The only Beatles song to feature just John Lennon

To much of the outside world, John Lennon was the leader of The Beatles. As one of the two main singers and songwriters in the band, along with Paul McCartney, Lennon was the most opinionated and most authoritative of all the band members. He was the one who started the band, and according to most recollections, he was the one who ended it when he left the group in late 1969.

For all of his undeniable individuality, Lennon rarely ever appeared on record with just himself. The closest he came was on solo songs like ‘My Mummy’s Dead’ and ‘Working Class Hero’, where Lennon accompanied himself with just guitar. But the stripped-back style of those songs had a predecessor in The Beatles’ canon, one with a much more positive and ethereal quality to it.

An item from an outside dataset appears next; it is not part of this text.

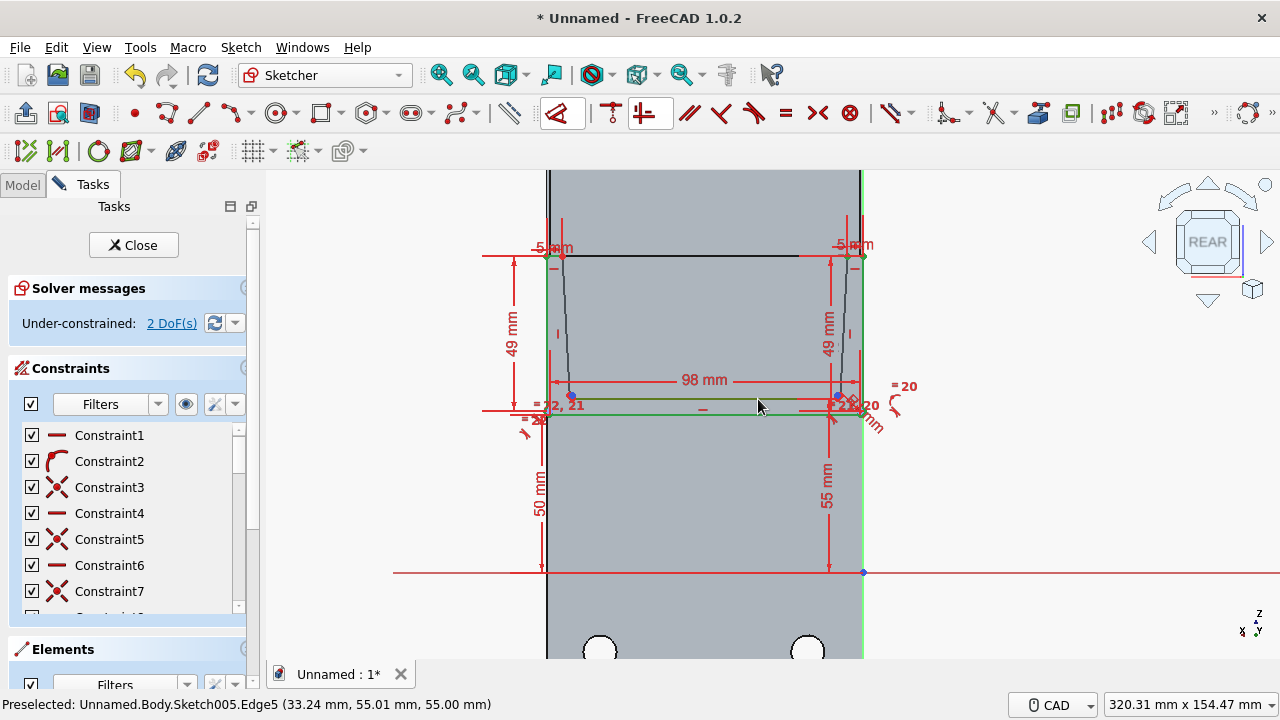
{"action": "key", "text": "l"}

‘Julia’ was the only Beatles song that Lennon ever recorded without the aid of any of his bandmates. During the particularly fractured sessions that produced 1968’s The Beatles, better known as The White Album, different people were often working on different songs at the same time.

The worst offender was McCartney, who recorded a number of songs, including ‘Martha My Dear’ and ‘Wild Honey Pie’. McCartney was, coincidentally, also the first of The Beatles to appear solo on a band track, having performed the guitar and vocals for ‘Yesterday’ while being accompanied by a string quartet of session musicians. By contrast, the stark and simple ‘Julia’ represented Lennon’s only solo turn in The Beatles songbook.

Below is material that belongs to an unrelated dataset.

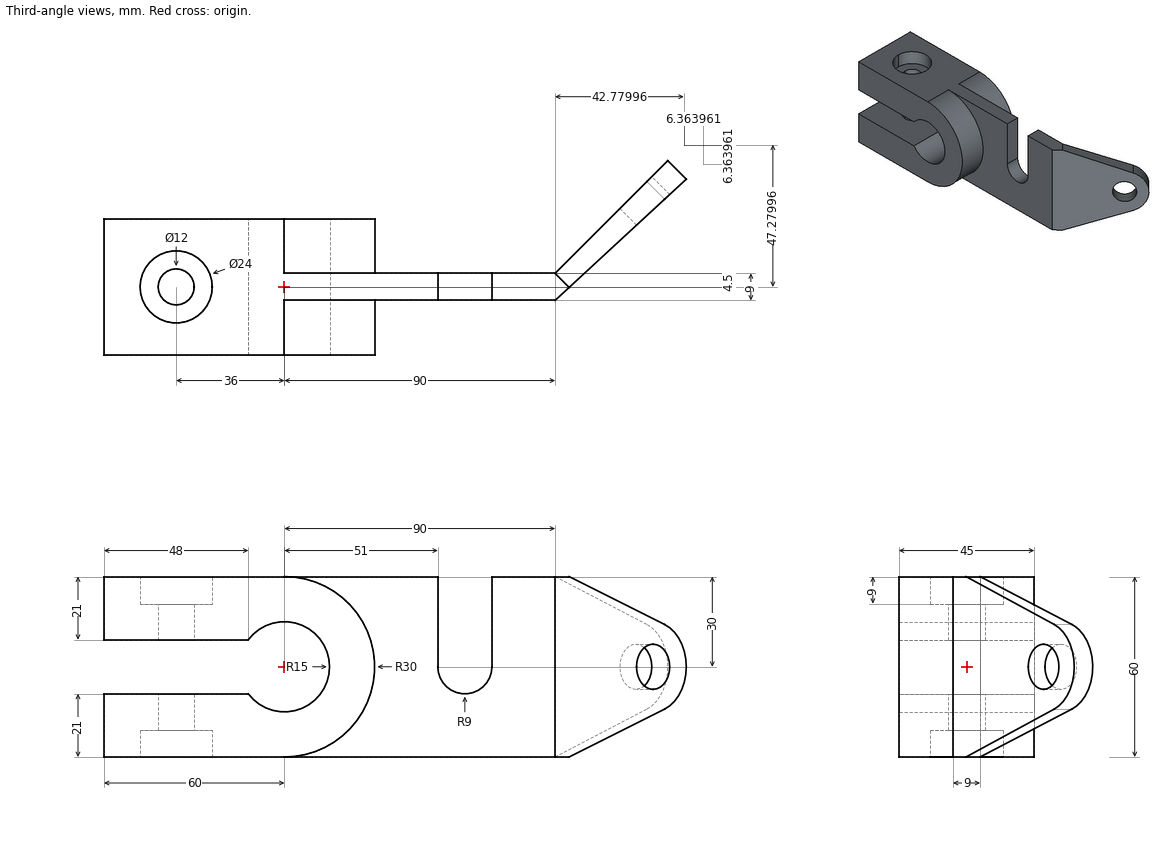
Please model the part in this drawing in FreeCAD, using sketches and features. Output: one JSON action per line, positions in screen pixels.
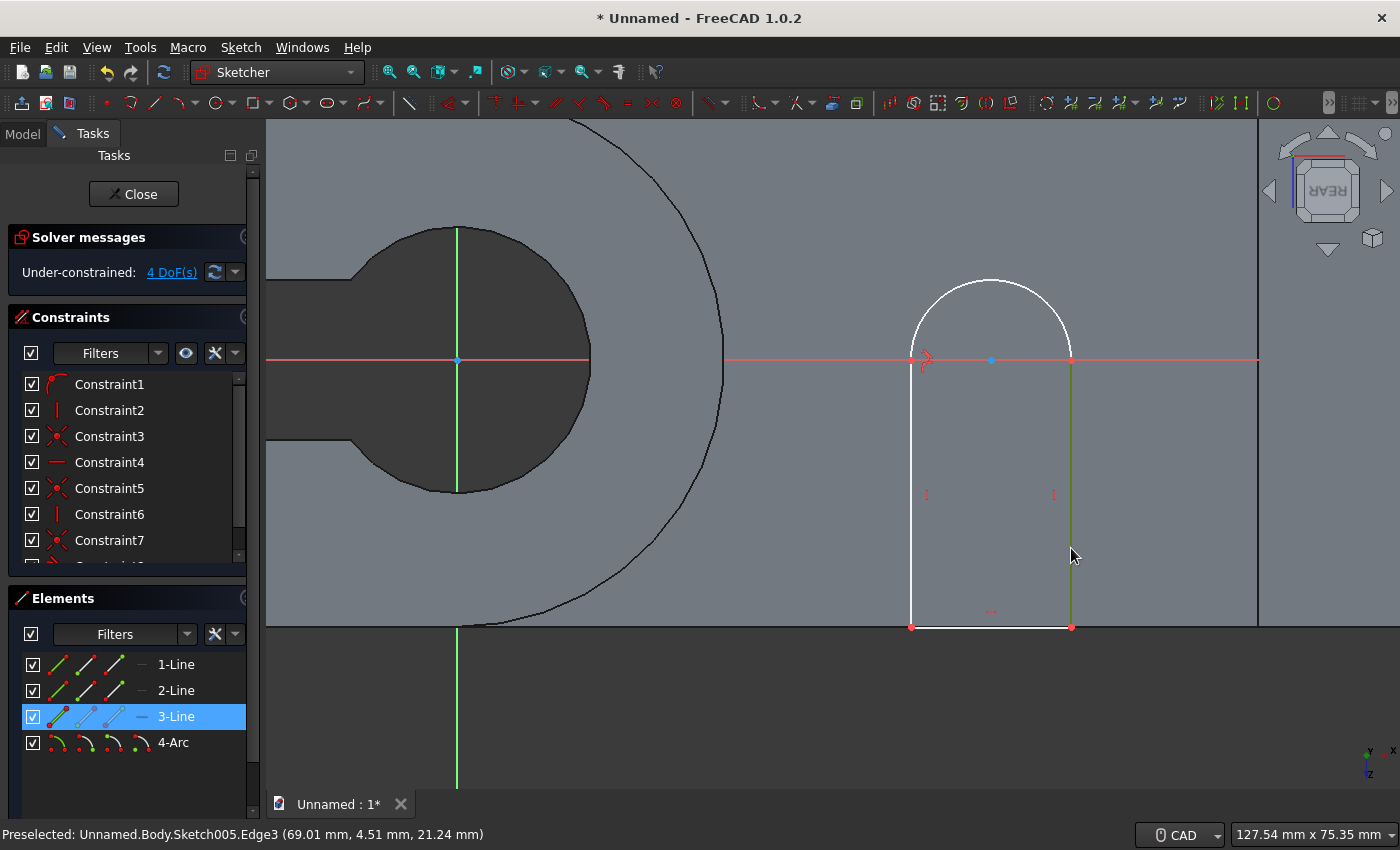
{"action": "left_click", "coordinate": [1039, 296]}

“Julia was my mother. But it was sort of a combination of Yoko and my mother blended into one,” Lennon recalled to David Sheff in 1980. “That was written in India. On the White Album. And all the stuff on the White Album was written in India while we were supposedly giving money to Maharishi, which we never did. We got our mantra, we sat in the mountains eating lousy vegetarian food and writing all those songs. We wrote tons of songs in India.”

“I lost her twice,” Lennon would add. “Once, as a five-year-old, when I was moved in with my auntie. And once again, when she actually physically died.” Although Julia Lennon had bequeathed the responsibility of raising John to her sister Mimi, John and Julia would reconnect in Lennon’s teenage years and become friendly. Julia was hit and killed by an off-duty police officer in 1958 when John was just 18.